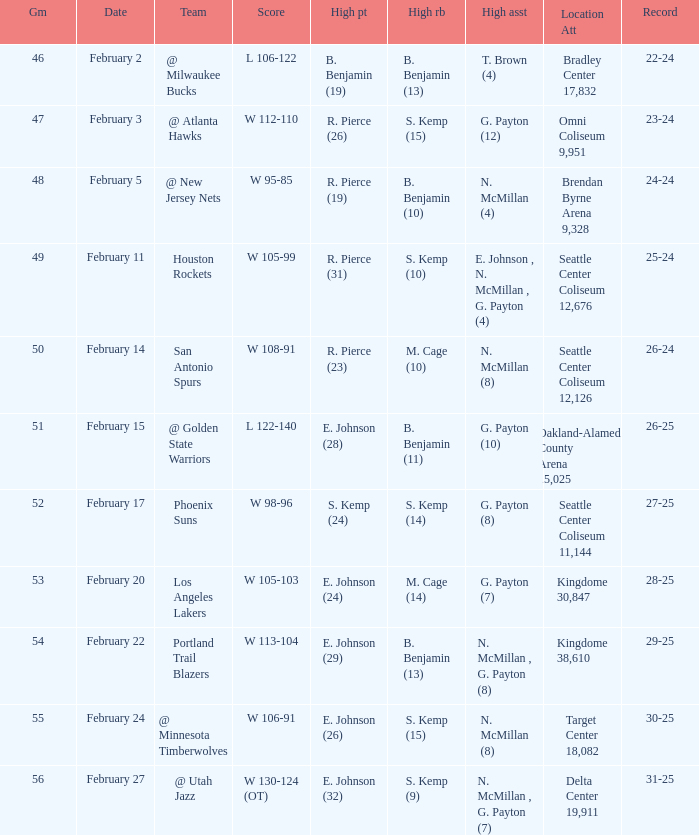Which game had a score of w 95-85? 48.0. 
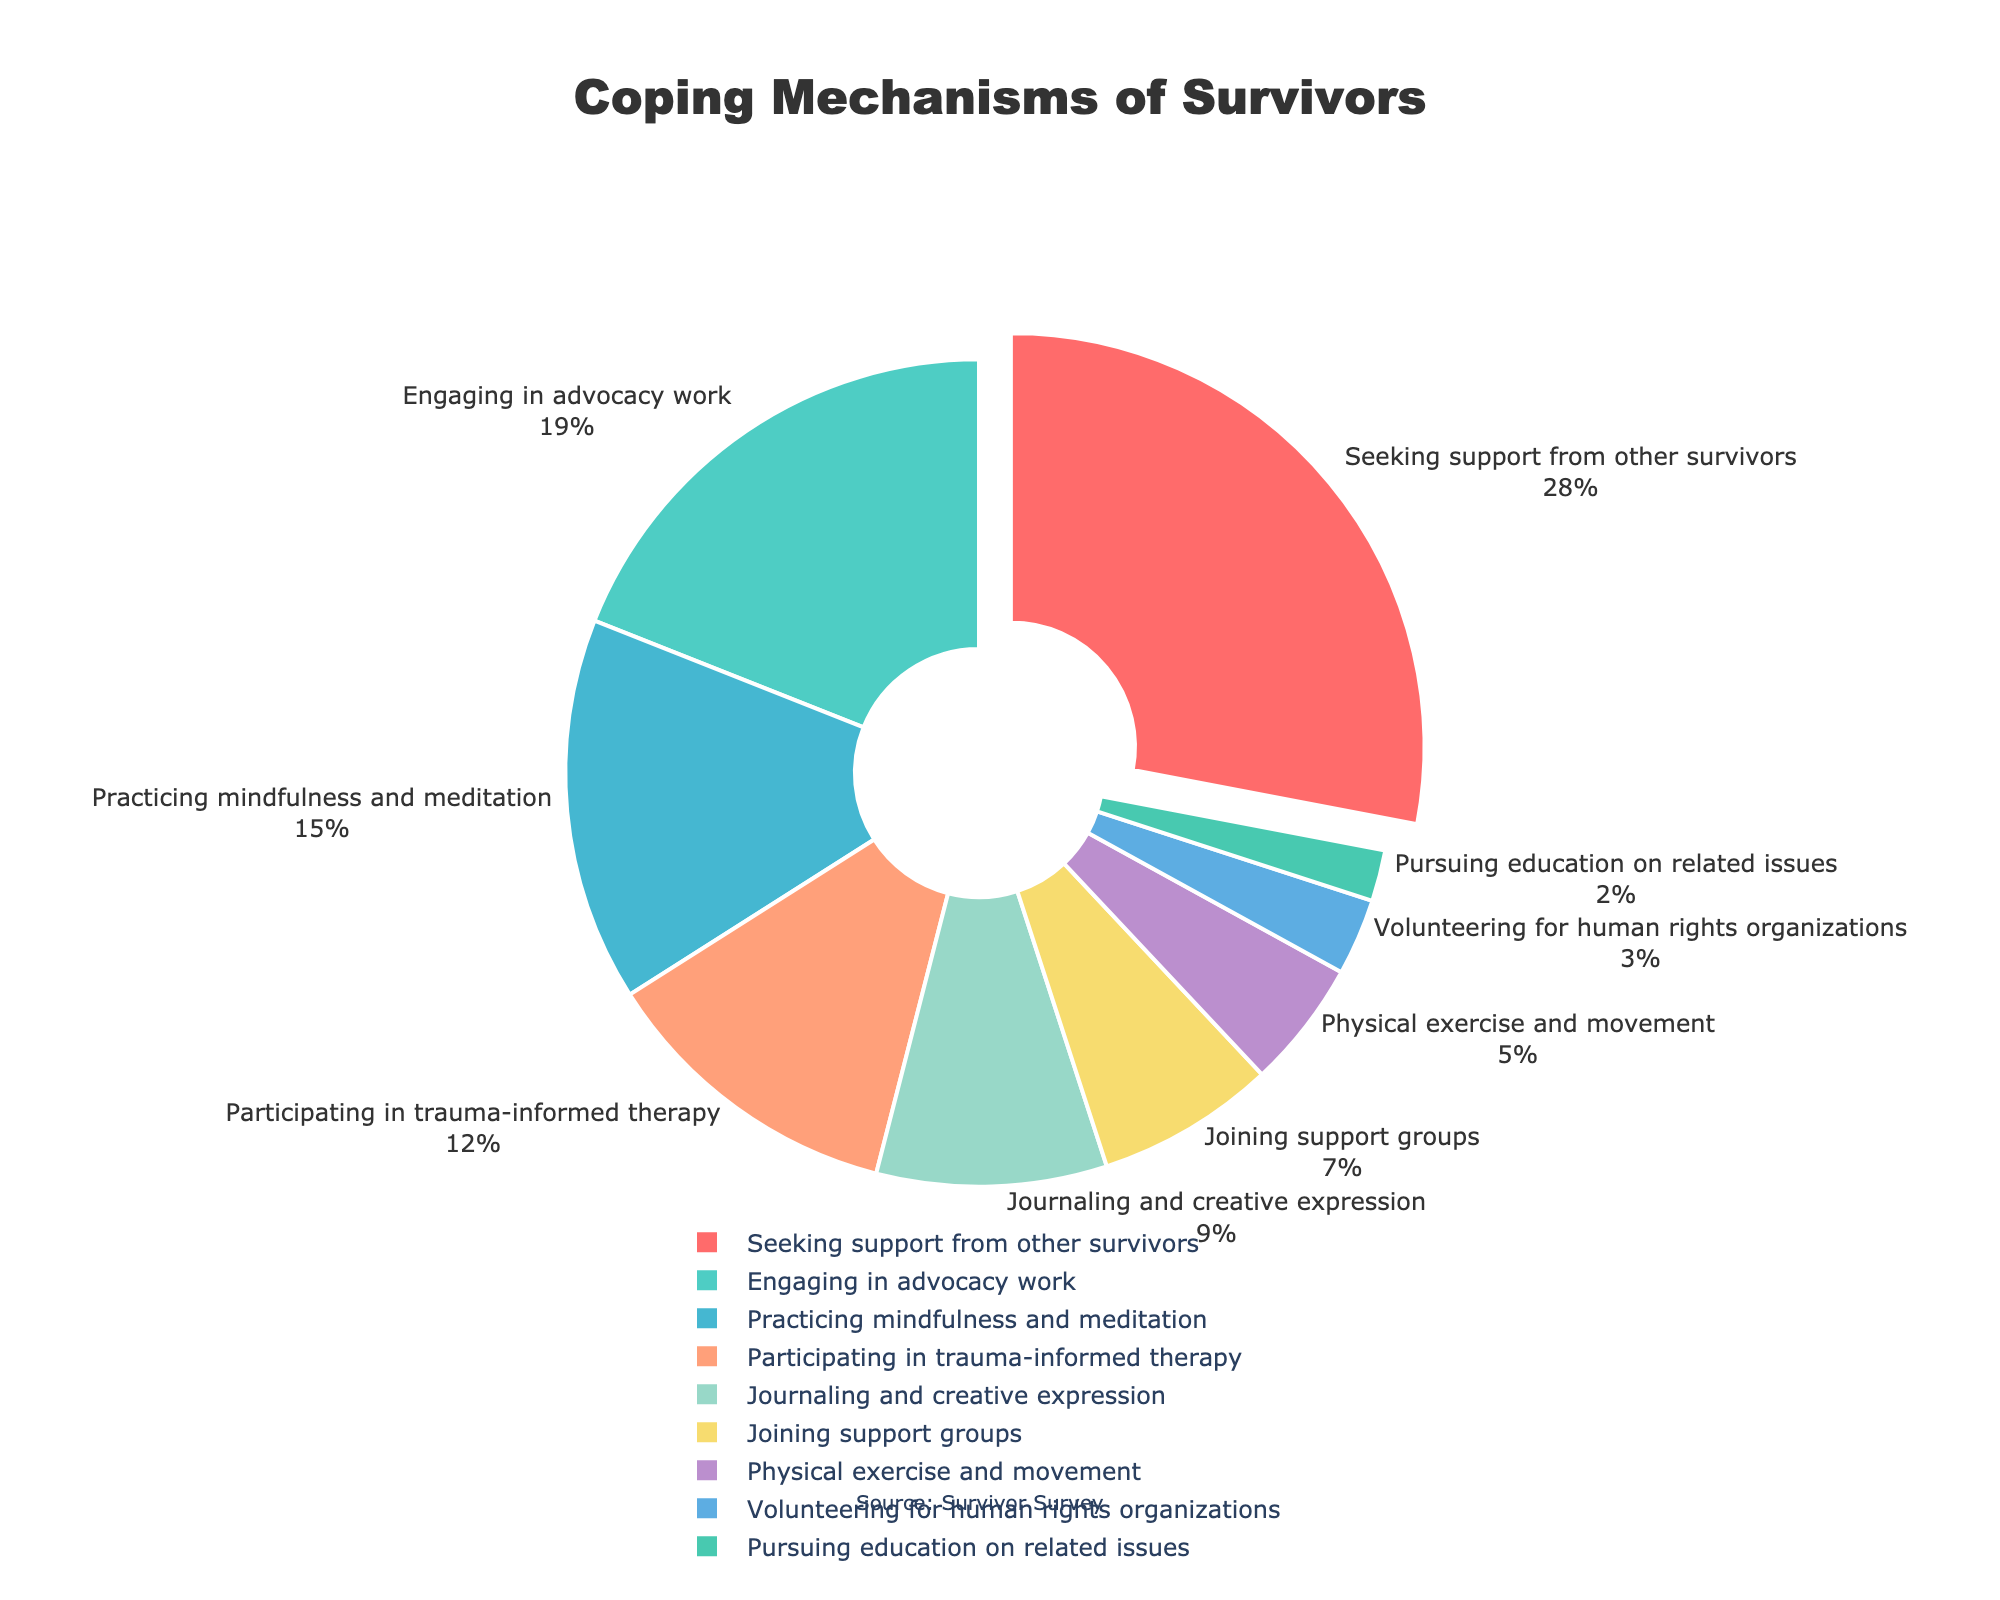what is the most common coping mechanism among survivors? The pie chart shows the percentage of survivors who engage in various coping mechanisms. The largest slice of the pie chart represents seeking support from other survivors, which takes up 28%.
Answer: seeking support from other survivors what percentage of survivors engage in both journaling and creative expression and physical exercise and movement combined? Add the percentages of the two coping mechanisms: Journaling and creative expression (9%) + Physical exercise and movement (5%) = 14%.
Answer: 14% Which coping mechanism has a higher percentage, practicing mindfulness and meditation or participating in trauma-informed therapy? Compare the percentages: Practicing mindfulness and meditation (15%) is higher than Participating in trauma-informed therapy (12%).
Answer: practicing mindfulness and meditation what is the difference in percentage between engaging in advocacy work and joining support groups? Subtract the percentage of Joining support groups from the percentage of Engaging in advocacy work: 19% - 7% = 12%.
Answer: 12% what coping mechanism is represented by the red section of the pie chart? The red section of the pie chart is pulled out slightly from the circle and represents the largest percentage, which is seeking support from other survivors.
Answer: seeking support from other survivors How many coping mechanisms have a percentage of 5% or less? The coping mechanisms with percentages of 5% or less are: Physical exercise and movement (5%), Volunteering for human rights organizations (3%), and Pursuing education on related issues (2%), totaling 3 coping mechanisms.
Answer: 3 compare the combined total of survivors engaging in advocacy work and seeking support from other survivors with the sum of the rest of the coping mechanisms First find the combined total: Engaging in advocacy work (19%) + Seeking support from other survivors (28%) = 47%. Then find the sum of the rest: 100% - 47% = 53%.
Answer: 53% which coping mechanisms occupy the smallest and largest sections of the pie chart? The smallest section represents Pursuing education on related issues (2%), and the largest section represents Seeking support from other survivors (28%).
Answer: pursuing education on related issues, seeking support from other survivors 
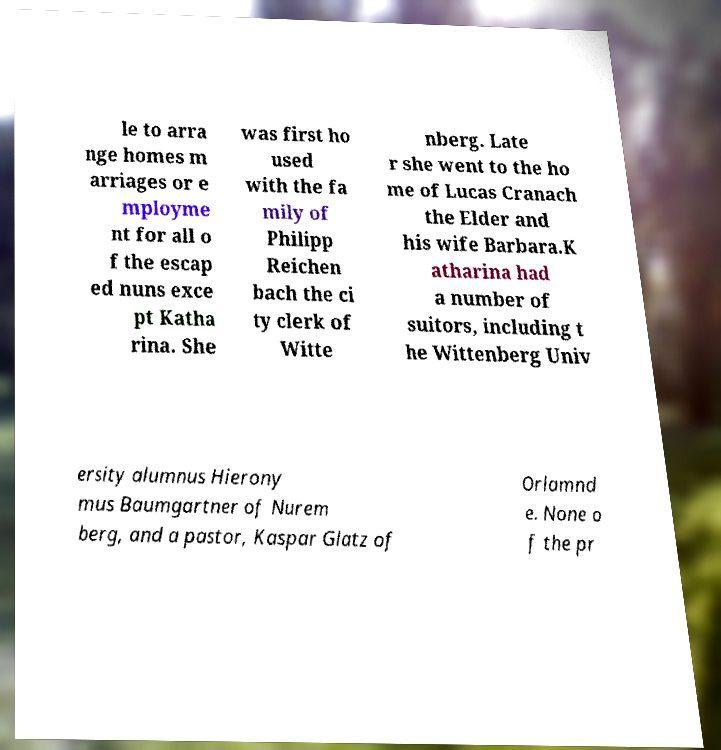Can you read and provide the text displayed in the image?This photo seems to have some interesting text. Can you extract and type it out for me? le to arra nge homes m arriages or e mployme nt for all o f the escap ed nuns exce pt Katha rina. She was first ho used with the fa mily of Philipp Reichen bach the ci ty clerk of Witte nberg. Late r she went to the ho me of Lucas Cranach the Elder and his wife Barbara.K atharina had a number of suitors, including t he Wittenberg Univ ersity alumnus Hierony mus Baumgartner of Nurem berg, and a pastor, Kaspar Glatz of Orlamnd e. None o f the pr 
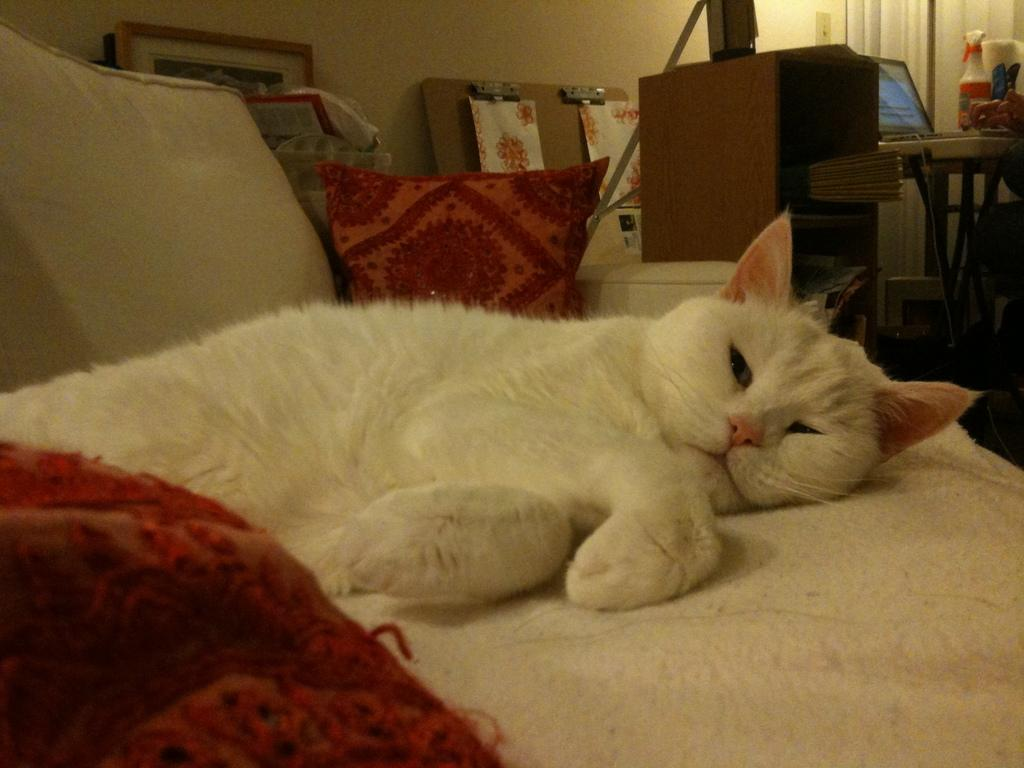What type of animal is in the image? There is a cat in the image. Where is the cat located? The cat is on a couch. What can be seen in the background of the image? There is a photo frame and a laptop in the background of the image. What is the background setting made of? There is a wall visible in the background of the image. How many rings does the cat have on its tail in the image? There are no rings visible on the cat's tail in the image. What type of game is the cat playing on the laptop in the image? There is no game being played on the laptop in the image, as the laptop is in the background and not being used by the cat.

* TASK PROMPT: Using the entries, return every line where the word "meditation" can be found.

* WRITTEN SOLUTION:
Answer: 14% Which coping mechanism has a higher percentage, practicing mindfulness and meditation or participating in trauma-informed therapy? Compare the percentages: Practicing mindfulness and meditation (15%) is higher than Participating in trauma-informed therapy (12%).
Answer: practicing mindfulness and meditation what is the difference in percentage between engaging in advocacy work and joining support groups? Subtract the percentage of Joining support groups from the percentage of Engaging in advocacy work: 19% - 7% = 12%.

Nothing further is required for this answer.